Hi, I'm a U.S. citizen and have lived my whole life in Guatemala (except for when I went to school in NY). I would like to relocate to the US next summer 2012, but am overwhelmed with what has to be learned, i.e. property taxes, insurance, permits, best neighborhoods (North Carolina, Naples, FL, Vermont), taxes, etc. In other words, your basics.


----------



## Fatbrit (May 8, 2008)

epkrebs said:


> Hi, I'm a U.S. citizen and have lived my whole life in Guatemala (except for when I went to school in NY). I would like to relocate to the US next summer 2012, but am overwhelmed with what has to be learned, i.e. property taxes, insurance, permits, best neighborhoods (North Carolina, Naples, FL, Vermont), taxes, etc. In other words, your basics.


I think your question may be a little too wide to generate any useful replies.


----------



## twostep (Apr 3, 2008)

At least you do not have to worry about visas:>)
Step 1) Lets assume you have done your annual tax returns or you will use the search option to read up on Bev's instructions on how to get up to date with IRS as US expat.
Step 2) Pull your credit report and go over it. Everyone else will as soon as you touch US soil and you want to make sure it is correct.
Step 3) Give more information. What is a great neighborhood for me may not suit you at all.


----------



## Bevdeforges (Nov 16, 2007)

There are a few books out there designed for newcomers to America that would probably help you out a great deal - plus you can skip the visa parts.
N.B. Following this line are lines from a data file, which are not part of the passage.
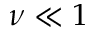Convert formula to latex. <formula><loc_0><loc_0><loc_500><loc_500>\nu \ll 1</formula> 
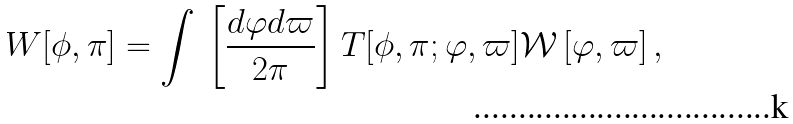Convert formula to latex. <formula><loc_0><loc_0><loc_500><loc_500>W [ \phi , \pi ] = \int \, \left [ \frac { d \varphi d \varpi } { 2 \pi } \right ] T [ \phi , \pi ; \varphi , \varpi ] \mathcal { W } \left [ \varphi , \varpi \right ] ,</formula> 
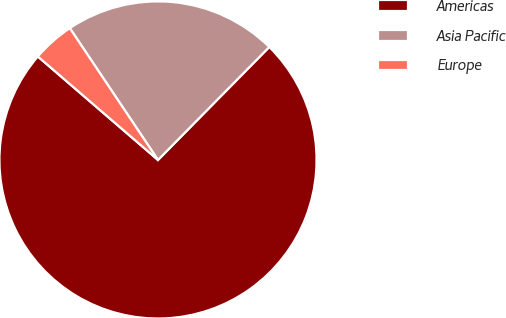<chart> <loc_0><loc_0><loc_500><loc_500><pie_chart><fcel>Americas<fcel>Asia Pacific<fcel>Europe<nl><fcel>73.94%<fcel>21.77%<fcel>4.3%<nl></chart> 
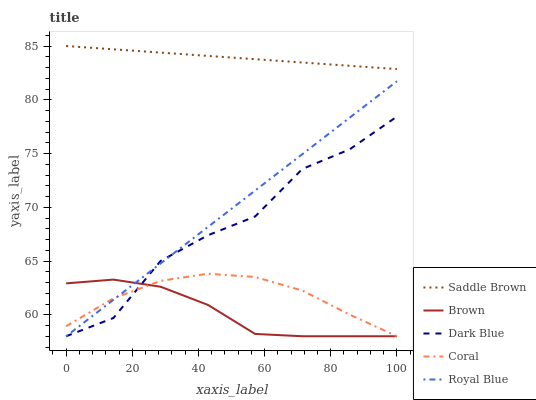Does Coral have the minimum area under the curve?
Answer yes or no. No. Does Coral have the maximum area under the curve?
Answer yes or no. No. Is Coral the smoothest?
Answer yes or no. No. Is Coral the roughest?
Answer yes or no. No. Does Saddle Brown have the lowest value?
Answer yes or no. No. Does Coral have the highest value?
Answer yes or no. No. Is Royal Blue less than Saddle Brown?
Answer yes or no. Yes. Is Saddle Brown greater than Brown?
Answer yes or no. Yes. Does Royal Blue intersect Saddle Brown?
Answer yes or no. No. 
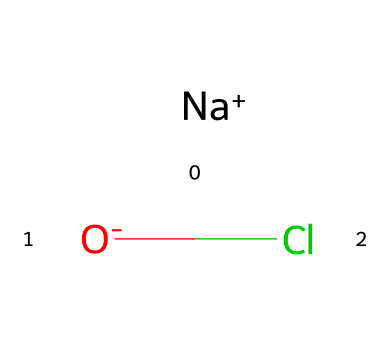What is the molecular formula of sodium hypochlorite? This chemical is represented in SMILES as [Na+].[O-]Cl, indicating that it consists of sodium (Na), oxygen (O), and chlorine (Cl). Therefore, the molecular formula is NaOCl.
Answer: NaOCl How many different elements are present in sodium hypochlorite? In the SMILES representation [Na+].[O-]Cl, we can identify three distinct elements: sodium (Na), oxygen (O), and chlorine (Cl). Counting these gives us 3 different elements.
Answer: 3 What kind of bond exists between sodium and hypochlorite in this chemical? The representation suggests that sodium (Na) is ionically bonded to the hypochlorite ion (OCl-). This bond occurs because sodium donates an electron to form a positive ion, while hypochlorite is a negatively charged ion, leading to an ionic bond.
Answer: ionic Is sodium hypochlorite an oxidizer? Sodium hypochlorite is classified as an oxidizer; its structure includes an oxygen atom bonded to chlorine, which can readily release oxygen and facilitate oxidation reactions.
Answer: Yes What charge does the hypochlorite ion have? From the SMILES depiction [Na+].[O-]Cl, it can be inferred that the hypochlorite ion carries a negative charge, as indicated by the presence of the oxygen atom with a negative sign.
Answer: negative How does the presence of oxygen in sodium hypochlorite contribute to its reactivity? The presence of oxygen in sodium hypochlorite enables it to act as a strong oxidizing agent, which enhances its ability to participate in chemical reactions that involve the transfer of electrons from other substances. This reactivity is central to its role in disinfection.
Answer: enhances reactivity

One I'm somewhat familiar with is called Living and Working in America and is put out by Survival Books in London. You can usually get it on Amazon, but if not, just google "Survival Books" and you can buy a copy direct from the publisher.

The US is a big place and you might want to concentrate your research on the area you're considering settling in. Things like property taxes can vary tremendously from one region to another. It may also depend on why you're relocating back to the US - job, family, school, etc, as there are different resources available to help you out, depending on what your connections and contacts are.
Cheers,
Bev


----------



## epkrebs (May 3, 2011)

epkrebs said:


> Hi, I'm a U.S. citizen and have lived my whole life in Guatemala (except for when I went to school in NY). I would like to relocate to the US next summer 2012, but am overwhelmed with what has to be learned, i.e. property taxes, insurance, permits, best neighborhoods (North Carolina, Naples, FL, Vermont), taxes, etc. In other words, your basics.


I think I'd like to relocate to the Naples/Fort Myers area.


----------